It has occurred to me that I’ve left out some pretty big details. It occurred to me because I’m answering many of the same questions over and over. So, here is a synopsis of my personal breast cancer. It’s really important to remember that your cancer, or your mom’s, aunt’s, friend’s, sister’s, or third cousin four times removed’s cancer is almost definitely not exactly like mine, her experiences are different, her circumstances are different, her physiology is different, her psychology is different; in short, there’s only one Lextastic cancer. And it belongs to moi. Those experiences are no less valid, they just aren’t mine. And this is my story.
I didn’t know that there were so many different kinds of breast cancer. It makes sense, now that I think about it, since there are so many kinds of breasts, women, genes, etc. There are over 15 distinct types of currently identified breast cancer. I know, right?! Crazy! There are BRCA cancers (think Angelina Jolie) and other genetic cancers (mine is common with a cancer gene that is commonly known as Lynch Syndrome, but is technically MSH2. I find out soon if I have it). Sometimes it’s just because the sky is blue or you didn’t accidentally step in front of that Mack truck or because of the butterfly effect. What I’m saying is that some of us get this because of genetics, and some are just unlucky. Either way, the simple fact of cancer remains. Some women try to mitigate their chances of cancer with prophylactic (preventative) mastectomies (and sometimes hysterectomies, depending on their family history, doctor, and emotional needs), others don’t. It is a completely personal choice. One of my dear friends had a prophylactic mastectomy. More may have and simply not shared that info. That is their choice, and I say do what is best, smartest for yourself. You do you, sister. I got’cha. I used to have an opinion. I’m also, quite admittedly, sometimes a giant jackass. Here’s a bit of blunt honesty for you:
Nobody else’s opinion matters when it comes to your health, your situation, or your life. Not a damn bit. Those opinions don’t belong in the Land Of Your Business. Nope. I am not in the game of apologizing for my own decisions any more and you shouldn’t either.

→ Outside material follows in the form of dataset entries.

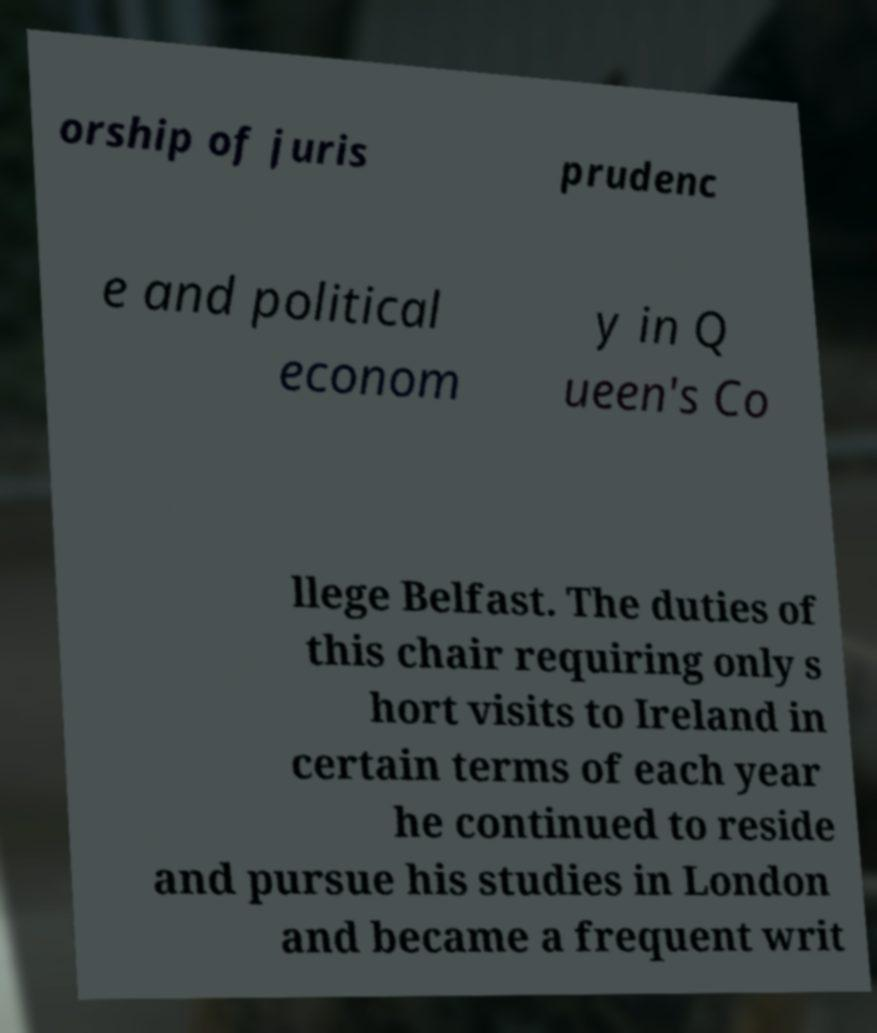Could you extract and type out the text from this image? orship of juris prudenc e and political econom y in Q ueen's Co llege Belfast. The duties of this chair requiring only s hort visits to Ireland in certain terms of each year he continued to reside and pursue his studies in London and became a frequent writ 
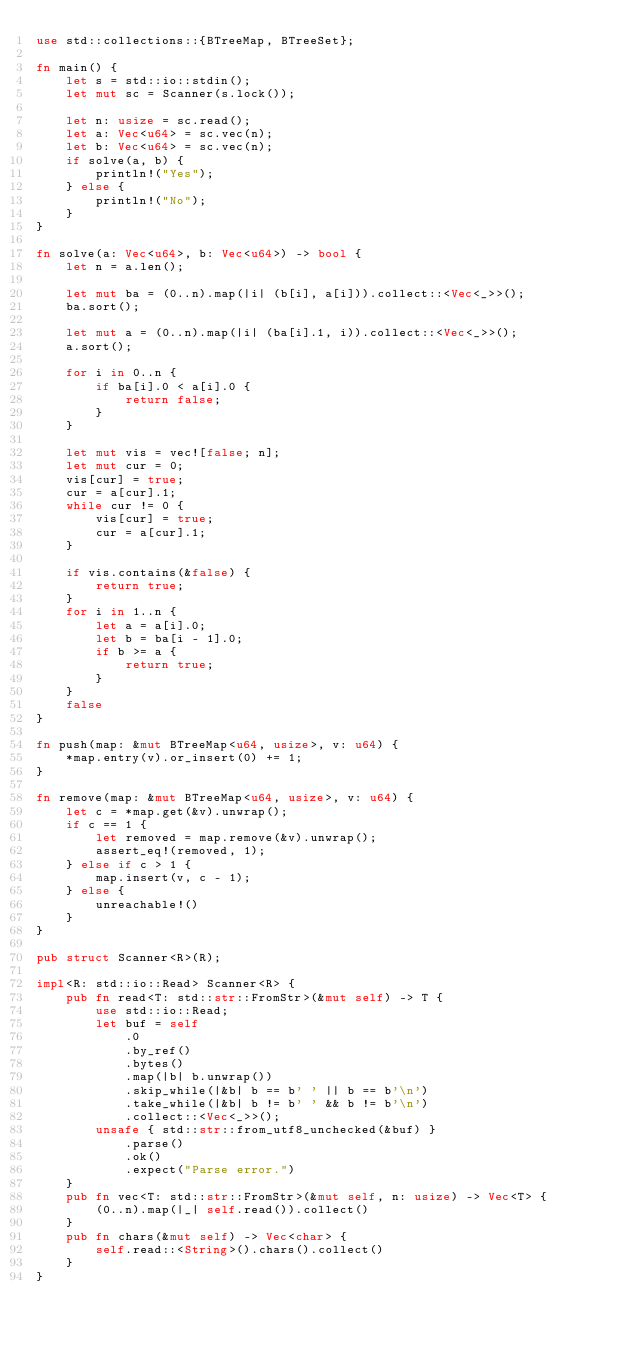<code> <loc_0><loc_0><loc_500><loc_500><_Rust_>use std::collections::{BTreeMap, BTreeSet};

fn main() {
    let s = std::io::stdin();
    let mut sc = Scanner(s.lock());

    let n: usize = sc.read();
    let a: Vec<u64> = sc.vec(n);
    let b: Vec<u64> = sc.vec(n);
    if solve(a, b) {
        println!("Yes");
    } else {
        println!("No");
    }
}

fn solve(a: Vec<u64>, b: Vec<u64>) -> bool {
    let n = a.len();

    let mut ba = (0..n).map(|i| (b[i], a[i])).collect::<Vec<_>>();
    ba.sort();

    let mut a = (0..n).map(|i| (ba[i].1, i)).collect::<Vec<_>>();
    a.sort();

    for i in 0..n {
        if ba[i].0 < a[i].0 {
            return false;
        }
    }

    let mut vis = vec![false; n];
    let mut cur = 0;
    vis[cur] = true;
    cur = a[cur].1;
    while cur != 0 {
        vis[cur] = true;
        cur = a[cur].1;
    }

    if vis.contains(&false) {
        return true;
    }
    for i in 1..n {
        let a = a[i].0;
        let b = ba[i - 1].0;
        if b >= a {
            return true;
        }
    }
    false
}

fn push(map: &mut BTreeMap<u64, usize>, v: u64) {
    *map.entry(v).or_insert(0) += 1;
}

fn remove(map: &mut BTreeMap<u64, usize>, v: u64) {
    let c = *map.get(&v).unwrap();
    if c == 1 {
        let removed = map.remove(&v).unwrap();
        assert_eq!(removed, 1);
    } else if c > 1 {
        map.insert(v, c - 1);
    } else {
        unreachable!()
    }
}

pub struct Scanner<R>(R);

impl<R: std::io::Read> Scanner<R> {
    pub fn read<T: std::str::FromStr>(&mut self) -> T {
        use std::io::Read;
        let buf = self
            .0
            .by_ref()
            .bytes()
            .map(|b| b.unwrap())
            .skip_while(|&b| b == b' ' || b == b'\n')
            .take_while(|&b| b != b' ' && b != b'\n')
            .collect::<Vec<_>>();
        unsafe { std::str::from_utf8_unchecked(&buf) }
            .parse()
            .ok()
            .expect("Parse error.")
    }
    pub fn vec<T: std::str::FromStr>(&mut self, n: usize) -> Vec<T> {
        (0..n).map(|_| self.read()).collect()
    }
    pub fn chars(&mut self) -> Vec<char> {
        self.read::<String>().chars().collect()
    }
}
</code> 
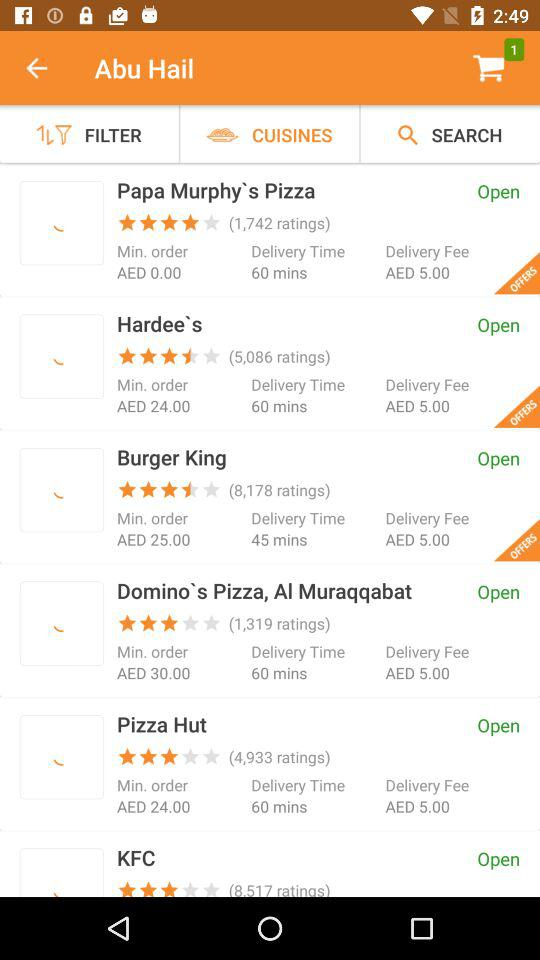What is the delivery time for "Burger King"? The delivery time is 45 minutes. 
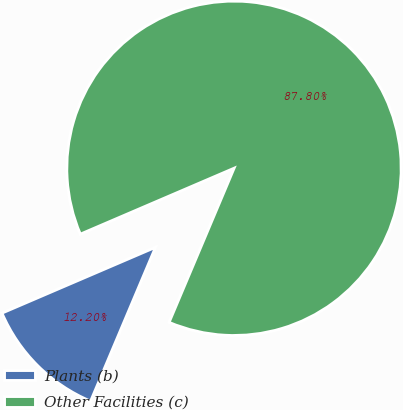<chart> <loc_0><loc_0><loc_500><loc_500><pie_chart><fcel>Plants (b)<fcel>Other Facilities (c)<nl><fcel>12.2%<fcel>87.8%<nl></chart> 
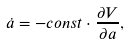Convert formula to latex. <formula><loc_0><loc_0><loc_500><loc_500>\dot { a } = - c o n s t \cdot \frac { \partial V } { \partial a } ,</formula> 
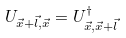<formula> <loc_0><loc_0><loc_500><loc_500>U _ { \vec { x } + \vec { l } , \vec { x } } = U _ { \vec { x } , \vec { x } + \vec { l } } ^ { \dagger }</formula> 
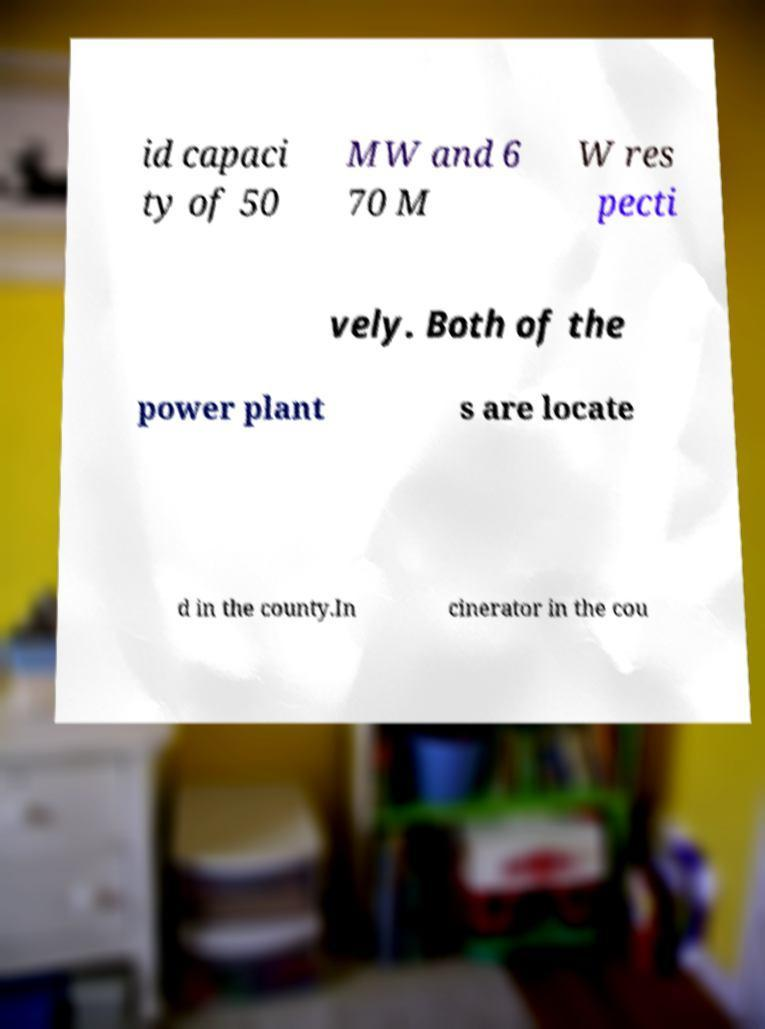I need the written content from this picture converted into text. Can you do that? id capaci ty of 50 MW and 6 70 M W res pecti vely. Both of the power plant s are locate d in the county.In cinerator in the cou 
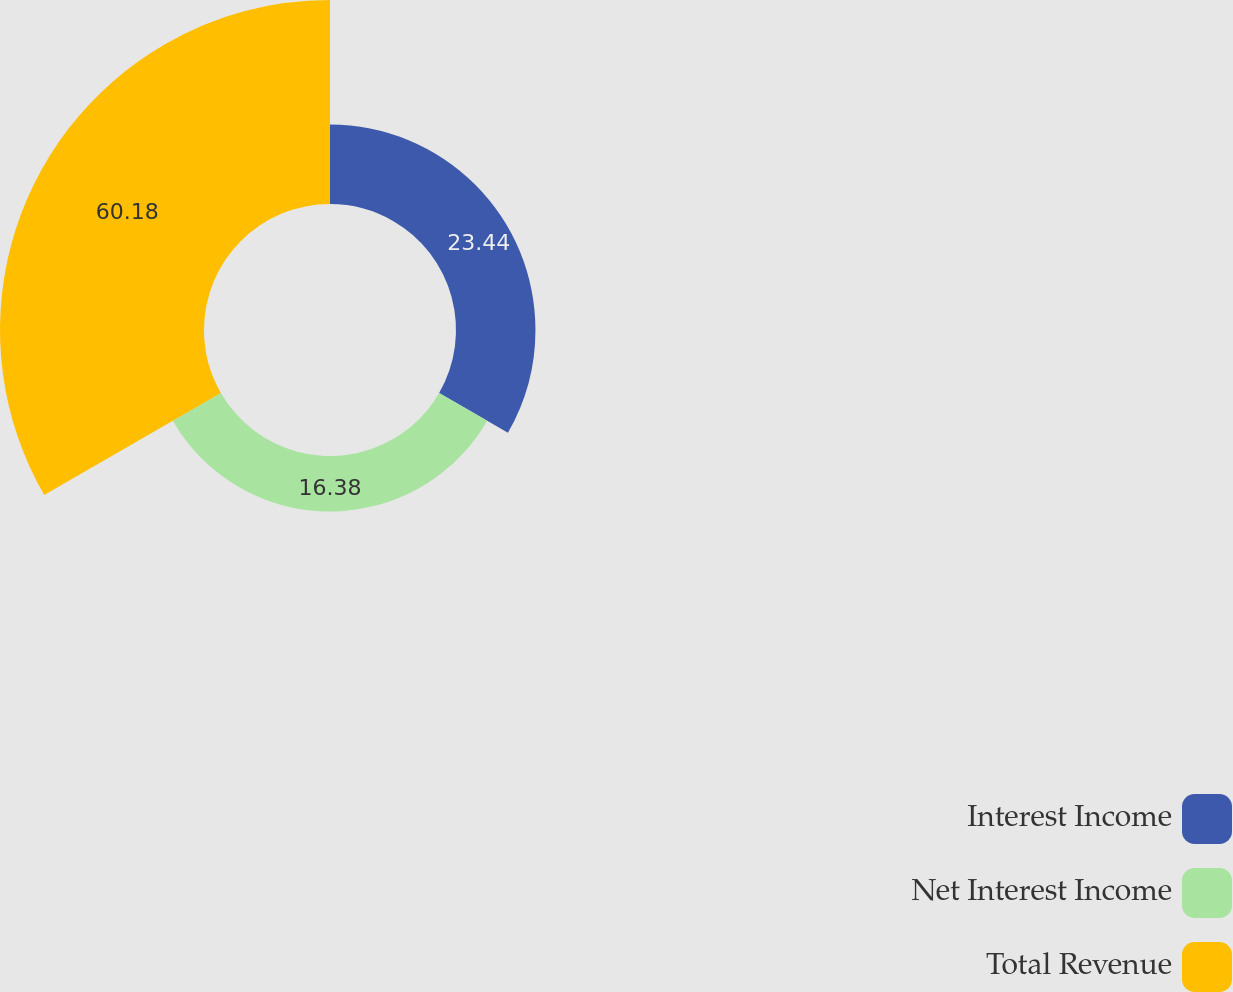<chart> <loc_0><loc_0><loc_500><loc_500><pie_chart><fcel>Interest Income<fcel>Net Interest Income<fcel>Total Revenue<nl><fcel>23.44%<fcel>16.38%<fcel>60.18%<nl></chart>

Capiche? Good. Anyway, now that you understand why your (really lovely) advice about the specific treatment and surgical decision of person you know isn’t necessarily applicable, I would like to say with no hesitation how very, very humbled and grateful I am for all of you who have shared your stories with me. I am. Specifically those who’ve been personally touched by this diagnostic hydra. Who’ve had to bring this stupid (twatastic) beast home to roost. The experiences shared with me have been impactful, insightful, beautiful, and all too human. I love you all. From the bottom of my soul, thank you. You rock.
Now, back to me.
One thing I learned pretty quickly is that the cancerous cells are tested to see if they react to 3 hormones. This is super important, it turns out. These are Estrogen, Progesterone, and something called HERS2. Yeah, I’d never heard of the last one till this, either. If your cancer reacts to any combination of these, it affects your treatment. If it reacts to HERS2, though, it is a much more aggressive cancer.
My diagnosis is Invasive Ductile Carcinoma, estrogen & progesterone positive, Hers2 negative. The mass is over 3.2 (but less than 4) centimeters, with a benign 5 mm mass in a second quadrant. It is at least Stage 2
That means that it started in a milk duct (so much for the wive’s tale about nursing babies!), and has spread from there. It responds to estrogen & progesterone, but not the HERS2 hormone That is a bit of great news, btw. That particular hormone determines how aggressive it is. Mine isn’t aggressive. The bad part (aside from, you know, cancer) is that it responds to estrogen and progesterone, which are present because I’m not menopausal. It also means my atomic ovaries, the ones that laughed in the face of every form of birth control for a goddamn decade resulting in 4 bonus children, need to be turned off. Immediate menopause, no going back. This makes me as sad as the idea of losing my breasts. Actually, the fact that it’s simultaneous is what is so tough. I’m not some hippy dippy whack job who goes out and does moon dances every month, but I have a profound appreciation for just how delicately balanced my hormones are and how much they impact my mental and physical state. I won’t know the final stage until after my mastectomy, because part of the classification (and there are degrees within the stages) is dependent upon how many lymph nodes are draining what is essentially cancer juice. Look, I’m not going to get into the medical terminology, but you can look it up. Anyway, the other determining factor is if the cancer has already traveled, which would automatically make it Stage 4. I never knew that there was more than just the size of a tumor that determined stage. And I always thought that the stage was more a classification of how close someone was to death than anything else. Nope. Who knew?! Now we all know.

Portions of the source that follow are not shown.